Note that a badly-behaved callee could hold into the MBO indefinitely, but that is not very different from behaving badly by never unqueuing requests.

Preserving message ordering across channels

The MBMQ model is able to preserve the ordering of messages sent on different channels that are handled by the same server process. This means that, for example, if message M1 is sent on channel C1 and then message M2 is sent on channel C2, the server process can ensure that the messages are processed in the order they were sent. The server just has to ensure that C1 and C2 have the same MsgQueue set as their destination, which will preserve the message ordering within the MsgQueue.
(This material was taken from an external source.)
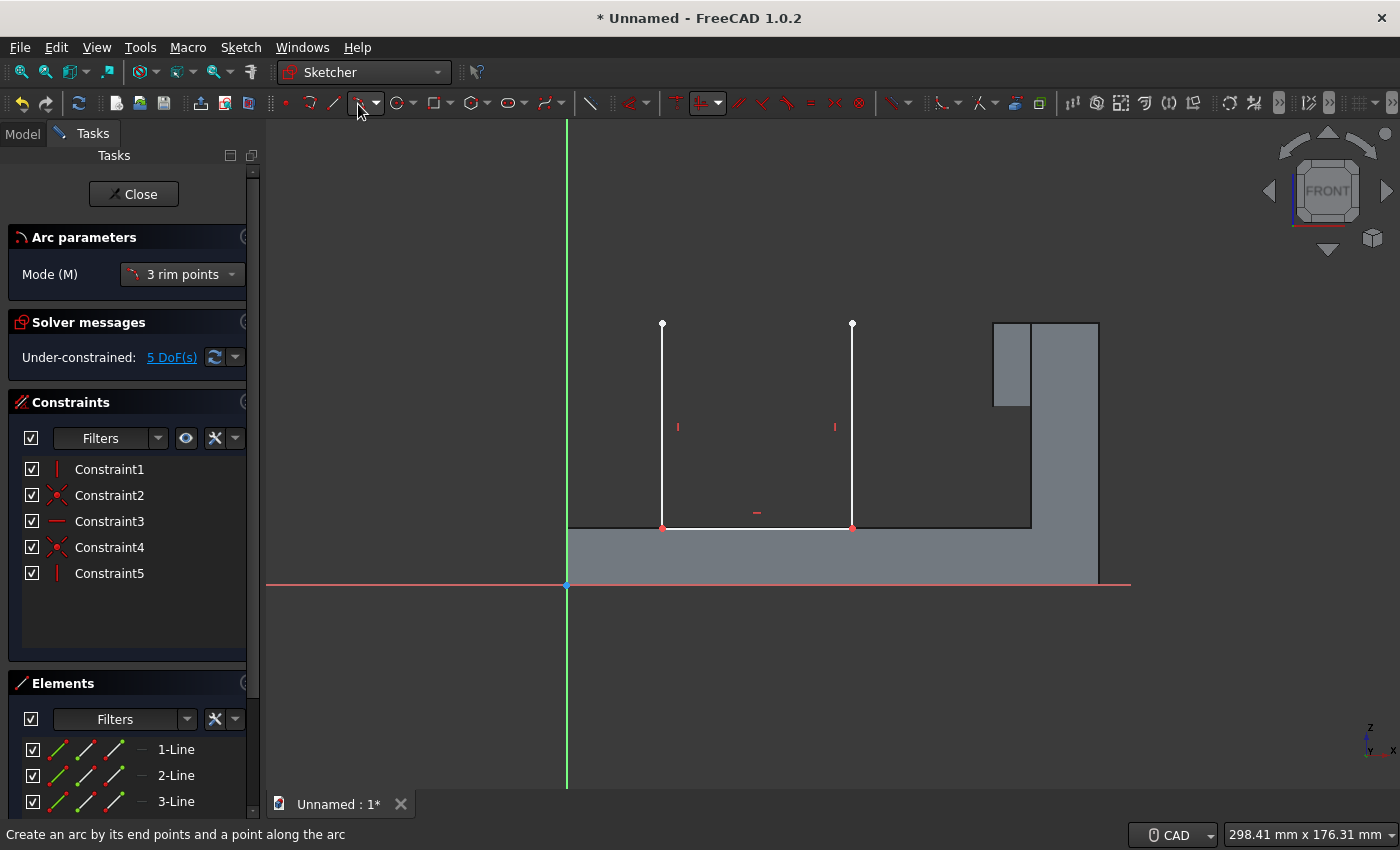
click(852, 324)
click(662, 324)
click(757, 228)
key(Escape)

In contrast, Zircon's current IPC primitives are not able to preserve message ordering in this case, because channels C1 and C2 have separate message queues. As messages are enqueued onto those queues, the information about their interleaving is lost. Zircon currently preserves message ordering only within a channel, not between channels.

Notes on terminology

Role of the “key” values

In this document, the term “key” has essentially the same meaning as in Zircon's current zx_object_wait_async() and zx_port_wait() syscalls.
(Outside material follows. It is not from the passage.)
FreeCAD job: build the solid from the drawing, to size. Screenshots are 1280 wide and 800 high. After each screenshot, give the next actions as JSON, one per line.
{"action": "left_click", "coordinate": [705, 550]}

In the MBMQ model, a key value is used by a process to identify which of its incoming channels a message came from, or which of its earlier requests an incoming reply corresponds to. A process can use whatever key values it wants when passing them to zx_object_wait_async() or zx_object_set_msgqueue(). We expect that the typical usage will be for a process to treat a key as being a pointer to some data structure in its address space.

“Caller” and “callee”

We are using the terms “caller” and “callee” to emphasise that these roles are relative to a particular interaction. The “caller” is the process that sends a request and may later receive a reply. The “callee” is the process that receives a request and may send a reply. We can't use the terms “sender” and “receiver” for these two roles because the caller and callee may both send and receive messages.

An alternative pair of terms would be “client” and “server”. We are avoiding those terms, for two reasons:

  • Firstly, a process that is a server in one interaction can be the client in another interaction.
  • Secondly, a server process may send callback messages to its clients (e.g. send-only request messages). In such cases, we choose to say that the server remains a server but acts as a caller when sending a message to its clients.

The terms “caller” and “callee” are commonly used in the context of programming languages and compilers where it is clear that a function may be a callee in one case and a caller in another case.

Acknowledgements

The concept of MBOs, with the MBO acting as both a reusable message buffer and a return path, is due to Corey Tabaka.